Configure Your Private Amazon VPC for SageMaker Clarify jobs

In general, you can follow the steps in Configure Your Private VPC for SageMaker Processing to configure your private Amazon VPC for SageMaker Clarify jobs. Here are some highlights and special requirements for SageMaker Clarify jobs.

Connect to Resources Outside Your Amazon VPC

If you configure your Amazon VPC so that it does not have public internet access, then some additional setup is required to grant SageMaker Clarify jobs access to resources and services outside of your Amazon VPC. For example, an Amazon S3 VPC endpoint is required because a SageMaker Clarify job needs to load a dataset from an S3 bucket as well as save the analysis results to an S3 bucket. For more information, see Create an Amazon S3 VPC Endpoint for the creation guide. In addition, if a SageMaker Clarify job needs to get inferences from the shadow endpoint, then it needs to call several more AWS services.

  • Create an Amazon SageMaker API service VPC endpoint: The SageMaker Clarify job needs to call the Amazon SageMaker API service to manipulate the shadow endpoint, or to describe a SageMaker model for Amazon VPC validation. You can follow the guidance provided in the Securing all Amazon SageMaker API calls with AWS PrivateLink blog to create an Amazon SageMaker API VPC endpoint that allows the SageMaker Clarify job to make the service calls. Note that the service name of Amazon SageMaker API service is com.amazonaws.region.sagemaker.api, where region is the name of the Region where your Amazon VPC resides.

  • Create an Amazon SageMaker Runtime VPC Endpoint: The SageMaker Clarify job needs to call the Amazon SageMaker runtime service, which routes the invocations to the shadow endpoint. The setup steps are similar to those for the Amazon SageMaker API service.
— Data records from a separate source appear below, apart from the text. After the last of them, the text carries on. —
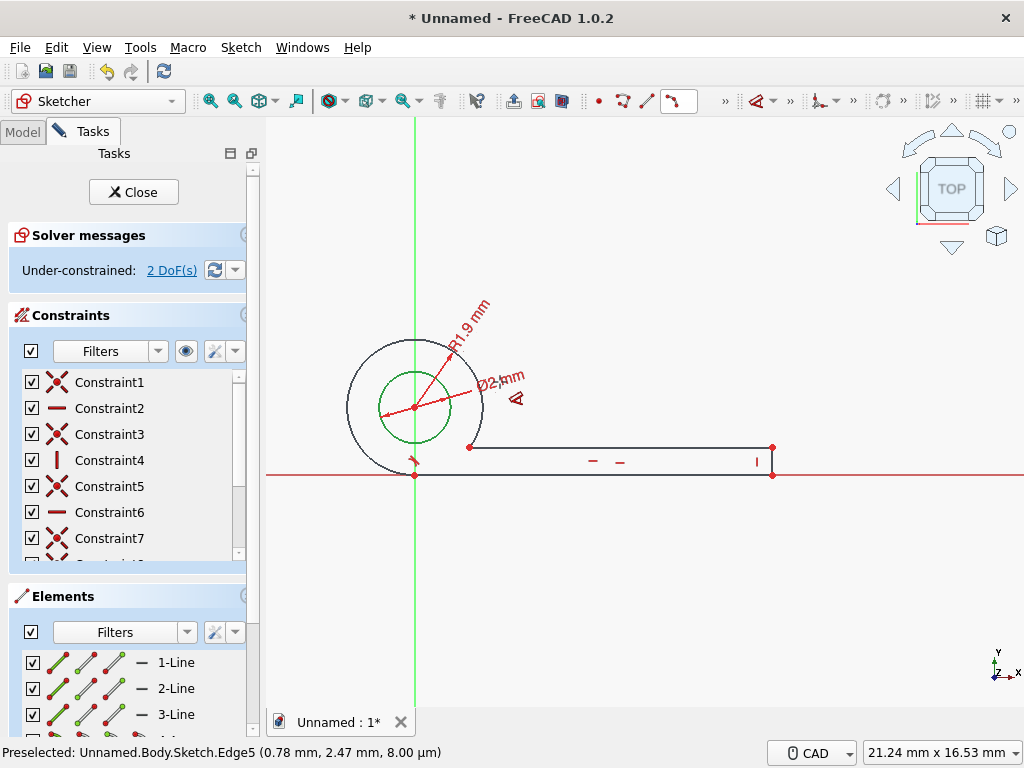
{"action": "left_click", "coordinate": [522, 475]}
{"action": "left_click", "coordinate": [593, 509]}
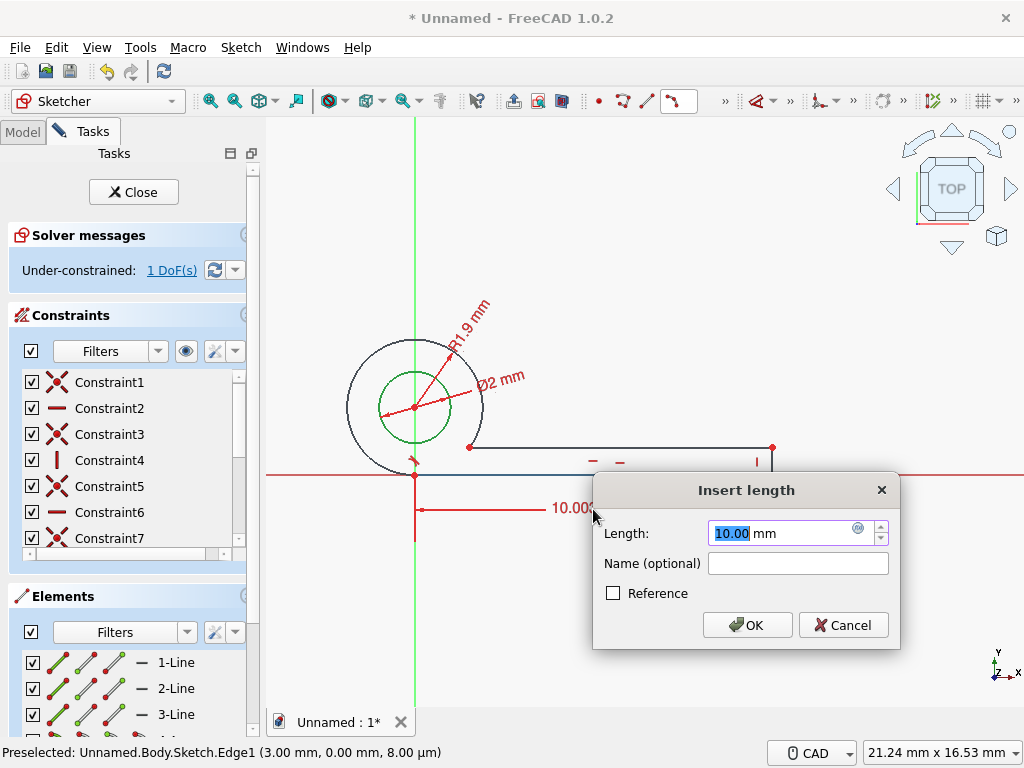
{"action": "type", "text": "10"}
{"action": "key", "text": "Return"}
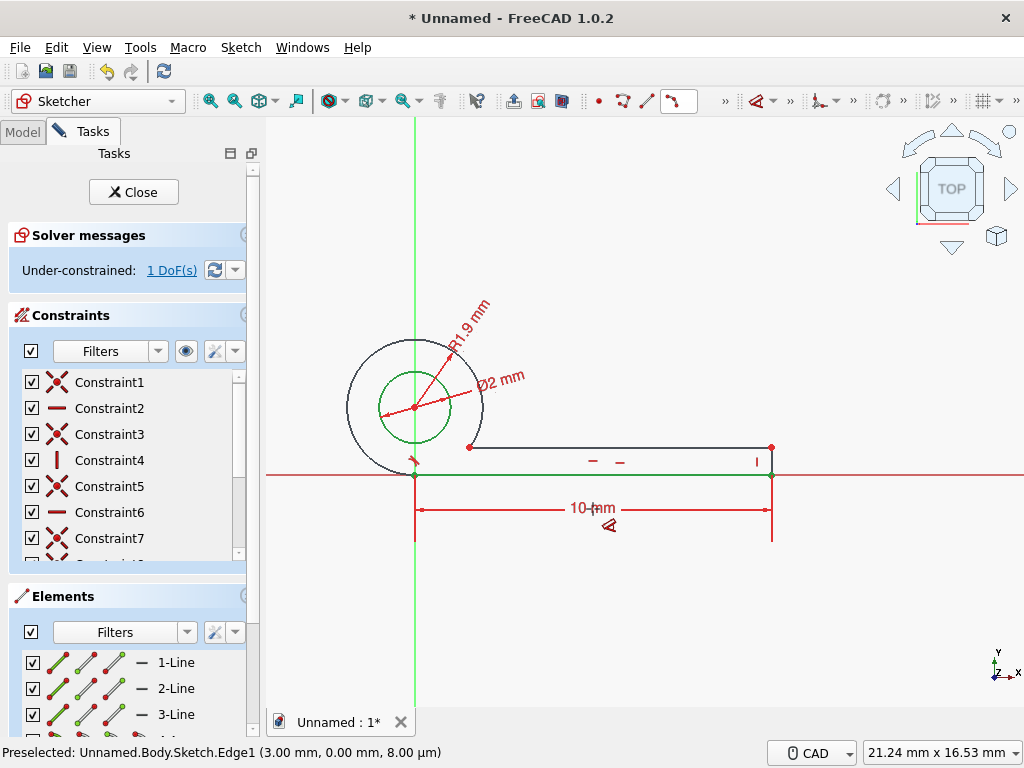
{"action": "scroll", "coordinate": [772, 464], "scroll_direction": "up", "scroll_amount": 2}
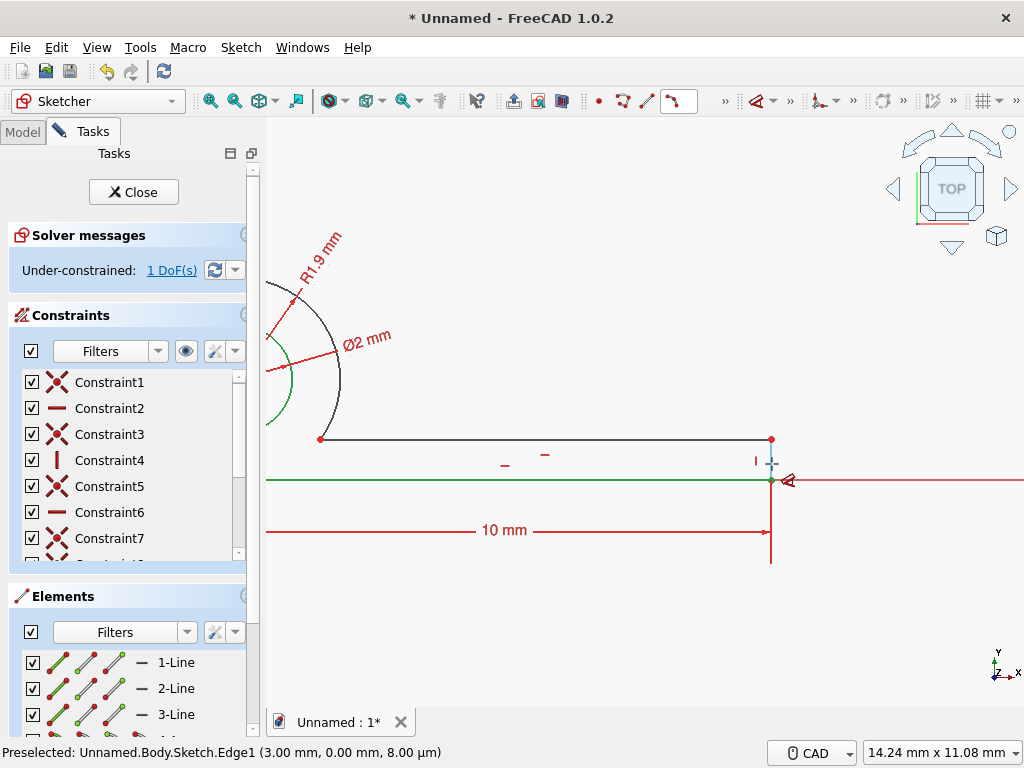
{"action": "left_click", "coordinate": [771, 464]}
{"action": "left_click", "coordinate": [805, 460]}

Note that the service name of Amazon SageMaker Runtime service is com.amazonaws.region.sagemaker.runtime, where region is the name of the Region where your Amazon VPC resides.

Configure the Amazon VPC Security Group

SageMaker Clarify jobs support distributed processing when two or more processing instances are specified in one of the following ways:

  • SageMaker console: The Instance count is specified in the Resource configuration part of the Job settings panel on the Create processing job page.

  • SageMaker API: The InstanceCount is specified when you create the job with the CreateProcessingJob API.

  • SageMaker Python SDK: The instance_count is specified when using the SageMakerClarifyProcessor API or the Processor API.

In distributed processing, you must allow communication between the different instances in the same processing job. To do that, configure a rule for your security group that allows inbound connections between members of the same security group. For information, see Security group rules.